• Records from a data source
□ □ □

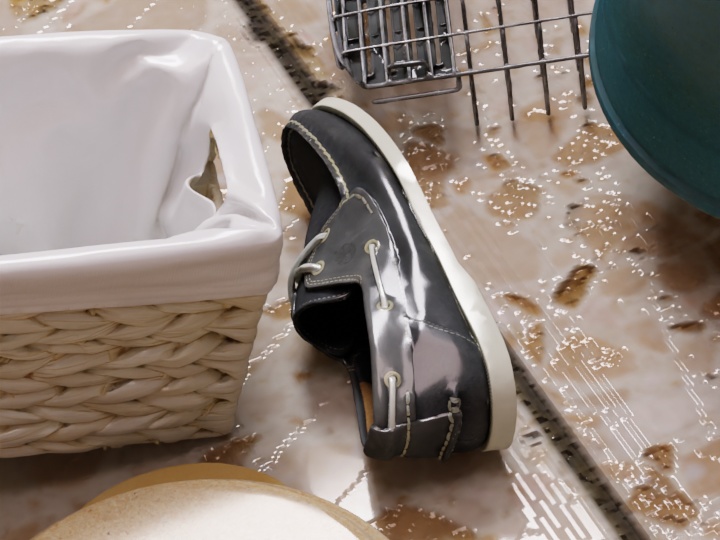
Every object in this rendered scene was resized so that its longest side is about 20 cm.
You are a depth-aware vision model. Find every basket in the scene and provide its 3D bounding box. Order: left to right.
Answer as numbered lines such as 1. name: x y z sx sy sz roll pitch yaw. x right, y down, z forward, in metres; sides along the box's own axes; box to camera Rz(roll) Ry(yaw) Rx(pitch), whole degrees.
1. basket: -0.142 -0.006 1.201 0.199 0.124 0.136 -5 45 -13

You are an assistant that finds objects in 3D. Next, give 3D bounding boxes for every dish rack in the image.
1. dish rack: 0.085 -0.125 1.368 0.199 0.055 0.154 -7 42 3

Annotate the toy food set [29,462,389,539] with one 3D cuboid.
1. toy food set: -0.067 0.155 1.103 0.200 0.049 0.198 30 56 32

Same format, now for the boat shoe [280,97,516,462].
1. boat shoe: 0.000 0.000 1.236 0.067 0.072 0.200 -14 46 -13

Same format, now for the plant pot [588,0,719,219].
1. plant pot: 0.192 -0.145 1.190 0.199 0.188 0.201 -1 55 2
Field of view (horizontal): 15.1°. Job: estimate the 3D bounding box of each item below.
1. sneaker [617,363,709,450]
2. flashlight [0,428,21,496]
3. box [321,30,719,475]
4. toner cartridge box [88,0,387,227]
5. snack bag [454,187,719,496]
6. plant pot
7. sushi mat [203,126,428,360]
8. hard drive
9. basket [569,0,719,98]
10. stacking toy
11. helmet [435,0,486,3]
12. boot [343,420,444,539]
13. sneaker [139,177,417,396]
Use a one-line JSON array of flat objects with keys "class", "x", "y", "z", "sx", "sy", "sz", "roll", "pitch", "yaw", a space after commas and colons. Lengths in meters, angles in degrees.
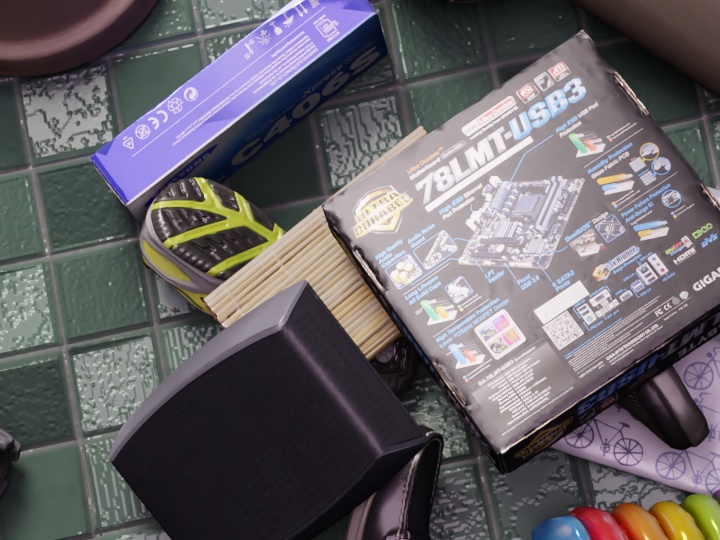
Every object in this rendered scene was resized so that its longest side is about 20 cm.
[{"class": "sneaker", "x": 0.120, "y": 0.056, "z": 1.668, "sx": 0.114, "sy": 0.076, "sz": 0.199, "roll": -43, "pitch": 73, "yaw": -2}, {"class": "flashlight", "x": -0.316, "y": 0.088, "z": 1.728, "sx": 0.200, "sy": 0.068, "sz": 0.068, "roll": 29, "pitch": 83, "yaw": 10}, {"class": "box", "x": 0.111, "y": -0.013, "z": 1.629, "sx": 0.200, "sy": 0.050, "sz": 0.199, "roll": -34, "pitch": 66, "yaw": -5}, {"class": "toner cartridge box", "x": -0.075, "y": -0.106, "z": 1.732, "sx": 0.200, "sy": 0.095, "sz": 0.043, "roll": -38, "pitch": 77, "yaw": -2}, {"class": "snack bag", "x": 0.178, "y": 0.028, "z": 1.715, "sx": 0.188, "sy": 0.021, "sz": 0.201, "roll": 18, "pitch": 80, "yaw": 10}, {"class": "plant pot", "x": -0.225, "y": -0.243, "z": 1.737, "sx": 0.200, "sy": 0.175, "sz": 0.201, "roll": -1, "pitch": 77, "yaw": 4}, {"class": "sushi mat", "x": 0.000, "y": 0.000, "z": 1.695, "sx": 0.200, "sy": 0.012, "sz": 0.096, "roll": -39, "pitch": 91, "yaw": -27}, {"class": "hard drive", "x": -0.064, "y": 0.106, "z": 1.641, "sx": 0.135, "sy": 0.042, "sz": 0.200, "roll": 52, "pitch": 129, "yaw": 1}, {"class": "basket", "x": 0.247, "y": -0.177, "z": 1.699, "sx": 0.200, "sy": 0.136, "sz": 0.180, "roll": 44, "pitch": 87, "yaw": 9}, {"class": "stacking toy", "x": 0.212, "y": 0.175, "z": 1.649, "sx": 0.199, "sy": 0.116, "sz": 0.110, "roll": -18, "pitch": 79, "yaw": -10}, {"class": "helmet", "x": 0.066, "y": -0.271, "z": 1.702, "sx": 0.200, "sy": 0.200, "sz": 0.191, "roll": -35, "pitch": 75, "yaw": -2}, {"class": "boot", "x": 0.063, "y": 0.204, "z": 1.646, "sx": 0.153, "sy": 0.073, "sz": 0.204, "roll": 13, "pitch": 86, "yaw": 24}, {"class": "sneaker", "x": -0.051, "y": 0.014, "z": 1.720, "sx": 0.200, "sy": 0.076, "sz": 0.075, "roll": 36, "pitch": 62, "yaw": -6}]
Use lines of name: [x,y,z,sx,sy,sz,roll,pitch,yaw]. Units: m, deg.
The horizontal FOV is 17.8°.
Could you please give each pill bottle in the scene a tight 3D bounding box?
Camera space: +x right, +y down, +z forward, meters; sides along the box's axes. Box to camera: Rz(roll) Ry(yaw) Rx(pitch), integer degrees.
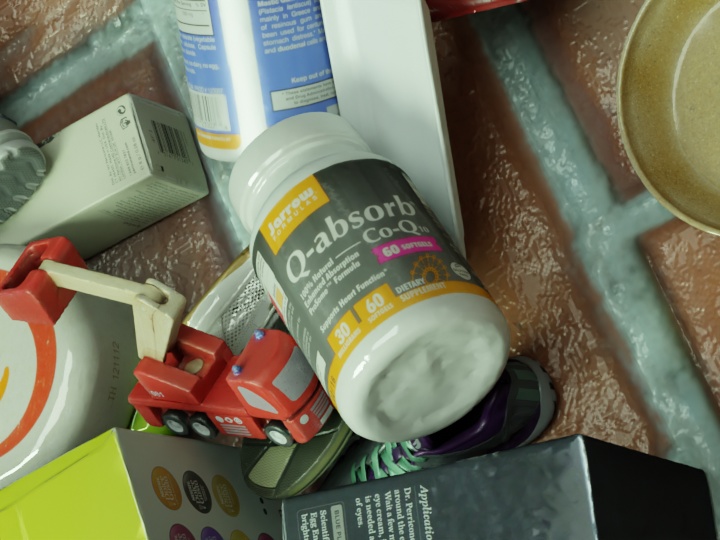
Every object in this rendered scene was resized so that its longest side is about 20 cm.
pill bottle: [-0.067,-0.180,1.516,0.112,0.112,0.201,2,110,29]
pill bottle: [0.000,0.000,1.419,0.116,0.116,0.200,-45,51,15]

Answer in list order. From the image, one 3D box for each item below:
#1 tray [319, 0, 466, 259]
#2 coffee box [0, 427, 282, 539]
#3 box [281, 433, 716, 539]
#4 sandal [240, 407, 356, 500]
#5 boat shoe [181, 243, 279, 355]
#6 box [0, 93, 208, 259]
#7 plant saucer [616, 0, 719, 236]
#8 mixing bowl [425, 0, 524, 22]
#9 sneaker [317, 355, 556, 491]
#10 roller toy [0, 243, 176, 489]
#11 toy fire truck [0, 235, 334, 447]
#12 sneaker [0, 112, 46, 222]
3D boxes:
tray: [0.026,-0.096,1.465,0.107,0.022,0.201,19,126,52]
coffee box: [-0.154,0.239,1.491,0.200,0.198,0.200,-28,68,22]
box: [0.090,0.181,1.367,0.200,0.197,0.118,-14,73,26]
sandal: [-0.002,0.071,1.504,0.080,0.057,0.201,18,66,45]
boat shoe: [-0.037,-0.009,1.554,0.069,0.071,0.200,41,94,2]
box: [-0.214,-0.048,1.646,0.200,0.082,0.069,-25,70,22]
plant saucer: [0.257,-0.114,1.420,0.200,0.035,0.201,-6,78,29]
mixing bowl: [0.076,-0.221,1.468,0.200,0.200,0.109,-10,96,27]
sneaker: [0.027,0.115,1.476,0.200,0.087,0.075,-39,65,17]
roller toy: [-0.235,0.080,1.594,0.200,0.140,0.183,-40,62,14]
toy fire truck: [-0.123,0.044,1.463,0.200,0.141,0.049,3,50,40]
sneaker: [-0.308,-0.040,1.620,0.200,0.075,0.082,-38,54,8]

□ □ □

• YOUR GOAL
An exact copy of the records above is needed, free of pictures.

• ANSWER FOR THIS EXERCISE
Every object in this rendered scene was resized so that its longest side is about 20 cm.
You are a depth-aware vision model. Find every basket in the scene and provide its 3D bounding box. Order: left to right.
Answer as numbered lines such as 1. name: x y z sx sy sz roll pitch yaw. x right, y down, z forward, in metres; sides along the box's own axes; box to camera Rz(roll) Ry(yaw) Rx(pitch), whole degrees.
1. basket: -0.142 -0.006 1.201 0.199 0.124 0.136 -5 45 -13

You are an assistant that finds objects in 3D. Next, give 3D bounding boxes for every dish rack in the image.
1. dish rack: 0.085 -0.125 1.368 0.199 0.055 0.154 -7 42 3

Annotate the toy food set [29,462,389,539] with one 3D cuboid.
1. toy food set: -0.067 0.155 1.103 0.200 0.049 0.198 30 56 32

Same format, now for the boat shoe [280,97,516,462].
1. boat shoe: 0.000 0.000 1.236 0.067 0.072 0.200 -14 46 -13

Same format, now for the plant pot [588,0,719,219].
1. plant pot: 0.192 -0.145 1.190 0.199 0.188 0.201 -1 55 2
Field of view (horizontal): 15.1°. Job: estimate the 3D bounding box of each item below.
1. sneaker [617,363,709,450]
2. flashlight [0,428,21,496]
3. box [321,30,719,475]
4. toner cartridge box [88,0,387,227]
5. snack bag [454,187,719,496]
6. plant pot
7. sushi mat [203,126,428,360]
8. hard drive
9. basket [569,0,719,98]
10. stacking toy
11. helmet [435,0,486,3]
12. boot [343,420,444,539]
13. sneaker [139,177,417,396]
Use a one-line JSON array of flat objects with keys "class", "x", "y", "z", "sx", "sy", "sz", "roll", "pitch", "yaw", a space after commas and colons. Lengths in meters, angles in degrees.
Every object in this rendered scene was resized so that its longest side is about 20 cm.
[{"class": "sneaker", "x": 0.120, "y": 0.056, "z": 1.668, "sx": 0.114, "sy": 0.076, "sz": 0.199, "roll": -43, "pitch": 73, "yaw": -2}, {"class": "flashlight", "x": -0.316, "y": 0.088, "z": 1.728, "sx": 0.200, "sy": 0.068, "sz": 0.068, "roll": 29, "pitch": 83, "yaw": 10}, {"class": "box", "x": 0.111, "y": -0.013, "z": 1.629, "sx": 0.200, "sy": 0.050, "sz": 0.199, "roll": -34, "pitch": 66, "yaw": -5}, {"class": "toner cartridge box", "x": -0.075, "y": -0.106, "z": 1.732, "sx": 0.200, "sy": 0.095, "sz": 0.043, "roll": -38, "pitch": 77, "yaw": -2}, {"class": "snack bag", "x": 0.178, "y": 0.028, "z": 1.715, "sx": 0.188, "sy": 0.021, "sz": 0.201, "roll": 18, "pitch": 80, "yaw": 10}, {"class": "plant pot", "x": -0.225, "y": -0.243, "z": 1.737, "sx": 0.200, "sy": 0.175, "sz": 0.201, "roll": -1, "pitch": 77, "yaw": 4}, {"class": "sushi mat", "x": 0.000, "y": 0.000, "z": 1.695, "sx": 0.200, "sy": 0.012, "sz": 0.096, "roll": -39, "pitch": 91, "yaw": -27}, {"class": "hard drive", "x": -0.064, "y": 0.106, "z": 1.641, "sx": 0.135, "sy": 0.042, "sz": 0.200, "roll": 52, "pitch": 129, "yaw": 1}, {"class": "basket", "x": 0.247, "y": -0.177, "z": 1.699, "sx": 0.200, "sy": 0.136, "sz": 0.180, "roll": 44, "pitch": 87, "yaw": 9}, {"class": "stacking toy", "x": 0.212, "y": 0.175, "z": 1.649, "sx": 0.199, "sy": 0.116, "sz": 0.110, "roll": -18, "pitch": 79, "yaw": -10}, {"class": "helmet", "x": 0.066, "y": -0.271, "z": 1.702, "sx": 0.200, "sy": 0.200, "sz": 0.191, "roll": -35, "pitch": 75, "yaw": -2}, {"class": "boot", "x": 0.063, "y": 0.204, "z": 1.646, "sx": 0.153, "sy": 0.073, "sz": 0.204, "roll": 13, "pitch": 86, "yaw": 24}, {"class": "sneaker", "x": -0.051, "y": 0.014, "z": 1.720, "sx": 0.200, "sy": 0.076, "sz": 0.075, "roll": 36, "pitch": 62, "yaw": -6}]
Use lines of name: [x,y,z,sx,sy,sz,roll,pitch,yaw]. Units: m, deg.
The horizontal FOV is 17.8°.
Could you please give each pill bottle in the scene a tight 3D bounding box?
Camera space: +x right, +y down, +z forward, meters; sides along the box's axes. Box to camera: Rz(roll) Ry(yaw) Rx(pitch), integer degrees.
Every object in this rendered scene was resized so that its longest side is about 20 cm.
pill bottle: [-0.067,-0.180,1.516,0.112,0.112,0.201,2,110,29]
pill bottle: [0.000,0.000,1.419,0.116,0.116,0.200,-45,51,15]

Answer in list order. From the image, one 3D box for each item below:
#1 tray [319, 0, 466, 259]
#2 coffee box [0, 427, 282, 539]
#3 box [281, 433, 716, 539]
#4 sandal [240, 407, 356, 500]
#5 boat shoe [181, 243, 279, 355]
#6 box [0, 93, 208, 259]
#7 plant saucer [616, 0, 719, 236]
#8 mixing bowl [425, 0, 524, 22]
#9 sneaker [317, 355, 556, 491]
#10 roller toy [0, 243, 176, 489]
#11 toy fire truck [0, 235, 334, 447]
#12 sneaker [0, 112, 46, 222]
3D boxes:
tray: [0.026,-0.096,1.465,0.107,0.022,0.201,19,126,52]
coffee box: [-0.154,0.239,1.491,0.200,0.198,0.200,-28,68,22]
box: [0.090,0.181,1.367,0.200,0.197,0.118,-14,73,26]
sandal: [-0.002,0.071,1.504,0.080,0.057,0.201,18,66,45]
boat shoe: [-0.037,-0.009,1.554,0.069,0.071,0.200,41,94,2]
box: [-0.214,-0.048,1.646,0.200,0.082,0.069,-25,70,22]
plant saucer: [0.257,-0.114,1.420,0.200,0.035,0.201,-6,78,29]
mixing bowl: [0.076,-0.221,1.468,0.200,0.200,0.109,-10,96,27]
sneaker: [0.027,0.115,1.476,0.200,0.087,0.075,-39,65,17]
roller toy: [-0.235,0.080,1.594,0.200,0.140,0.183,-40,62,14]
toy fire truck: [-0.123,0.044,1.463,0.200,0.141,0.049,3,50,40]
sneaker: [-0.308,-0.040,1.620,0.200,0.075,0.082,-38,54,8]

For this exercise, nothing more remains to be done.